Your reasoning for thinking about calling us is exactly why we started Pin-Mark Entry Service. As a trialer myself I was always wondering when a certain trial was closing, who the secretary was, what were the fees, did I remember to put in a post card to obtain my running order, am I on their mailing list, etc? Our service basically does all that for you...and then some. For the benefit of everyone else let me give you a brief summary of how it works. Basically, all you have to do is go to our website (or call us) and register your dog(s) with all the appropriate information (i.e. Dogs Call Name, owner, all the information you would normally put on the entry form. Or, some of our clients just faxed us a copy of the entry form and we were done. Once registered, all you have to do is call us or email us and tell us where and when you want to run. We do the rest. We track each entry through the US Postal service website to ensure that it is received by the field trial or hunt test secretary BEFORE the closing date. This is called delivery confirmation. Once we receive delivery confirmation via the internet we always call or email the secretary just to be sure that the entries arrived. We then obtain all running orders and email or call each client with their numbers BEFORE they ever leave for the trial. That way, your not driving 400 miles to trial or test wondering if you were entered. Thats it in a nutshell. We have clients all across the country, some may be on this list, that are very happy with our service. We have references listed on our website if anyone would like to check it out. Also, all fees are payed using any major credit card. That is, all you do is give us a credit card number and at the end of the month you will receive a statement of charges from your credit card company. You will also receive a credit card settlement report, via an email, for every entry we complete for you. 
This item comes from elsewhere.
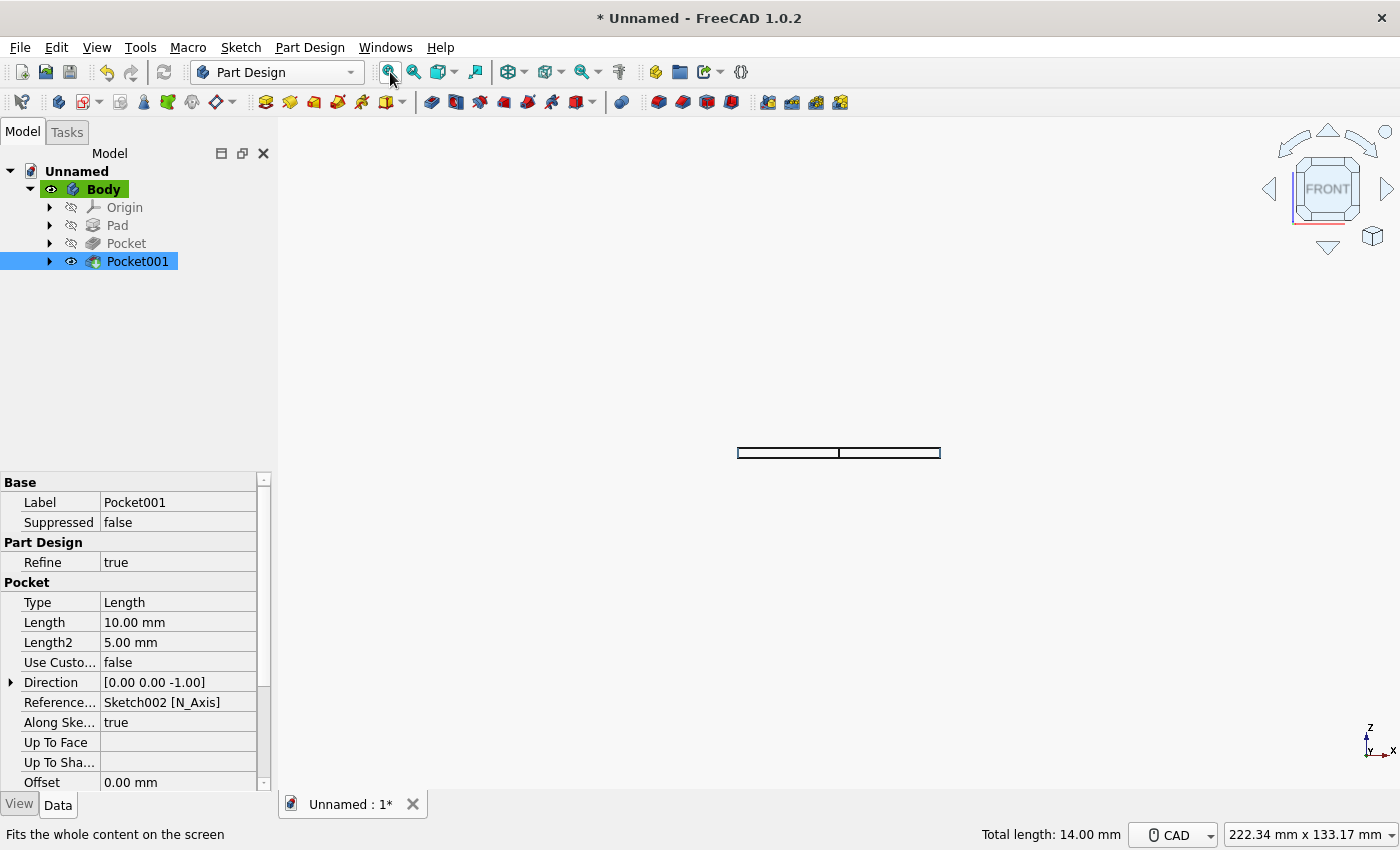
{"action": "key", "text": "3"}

As far as fees go, we charge a $59.00 annual registration fee. After that the cost is $5.00 per stake entered.

For more details you can check out our website at www.pin-mark.com 

Looking forward to hearing from anyone!!


----------



## Vicky Trainor (May 19, 2003)

Thanks

Vicky


----------



## Chris Atkinson (Jan 3, 2003)

Ted,

We now know you are here. Please take these discussions private. I have stuff to sell myself to support my family but I provide RTF to the globa retriever community for FREE.

Please do not take advantage of what I'm giving you.

Thanks! Chris Atkinson


----------



## Jay Dufour (Jan 19, 2003)

*Entry for NFRA*

Who did yall use for the online entry?It was super convenient....and free!


----------



## Chris Atkinson (Jan 3, 2003)

Hi Jay,

I'll have to have Patrick answer that one.

-Chris


----------



## Rob New (Jan 14, 2003)

Chris:

Thanks for posting that! I appreciate what you give us dawg people. Everyone please honor Mr. Atkinson's wishes. He's not being a butt, he just wants to keep this site "sponsor free." That's one of the reasons this is the best dog forum on the net 

Rob


----------



## Chris Atkinson (Jan 3, 2003)

Thanks Rob,

I want to acknowledge that I took a less extreme stand a week or two ago when Aaron of Bumper Boy made his post. Some flagged up the SPAM alarm, and I asked them to chill, while also asking Aaron to take it private.
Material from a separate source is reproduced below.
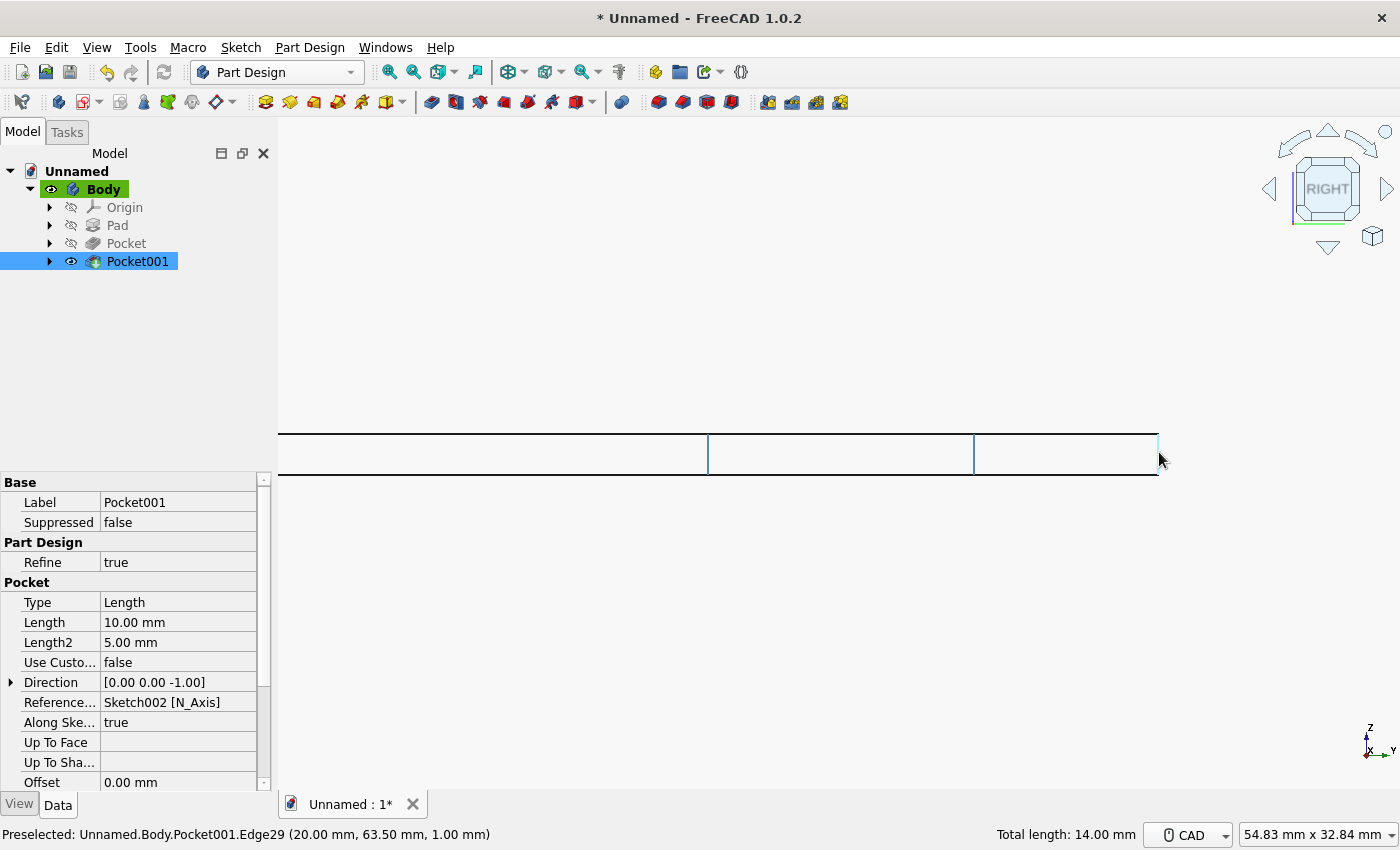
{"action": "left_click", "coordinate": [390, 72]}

While perhaps a nuance, I saw Aaron's situation as a bit different due to the fact that he truly posted based up on customer request and his angle was to request feedback. His post was not a direct advertisement. 

Is Aaron playing the angles? Am I a sucker? Maybe, but my gut tells me that they are two different situations.

I admit that I did invite other mechanical launchers and Blackdog Marketing customers to register and post up. It is possible that Ted IS a Blackdog customer and feels that I've been inconsistent in what I suggested and then how I responded.

RTF continues to evolve. RTF continues to police itself. Here was a situation where I felt it necessary to make a precedent. I do not want RTF to turn into a place where folks are making their initial posts a complete advertisement for their for-profit businesses. 

Ted, I do not mean to single you out. I acknowledge that you walked in and got whacked without much guidance. You are truly welcome here. I looked at your website, I know you have some experience and surely have some opinions and ideas. Please do share with us!

Sincerely, Chris Atkinson

note: What are two dog trainers SURE to agree on? That a third trainer is doing something wrong! :wink:

Oh, and as I requested in my private email to you, please change your signature as I've requested by tomorrow morning. I HATE getting into that admin menu and "tweeking" stuff!


----------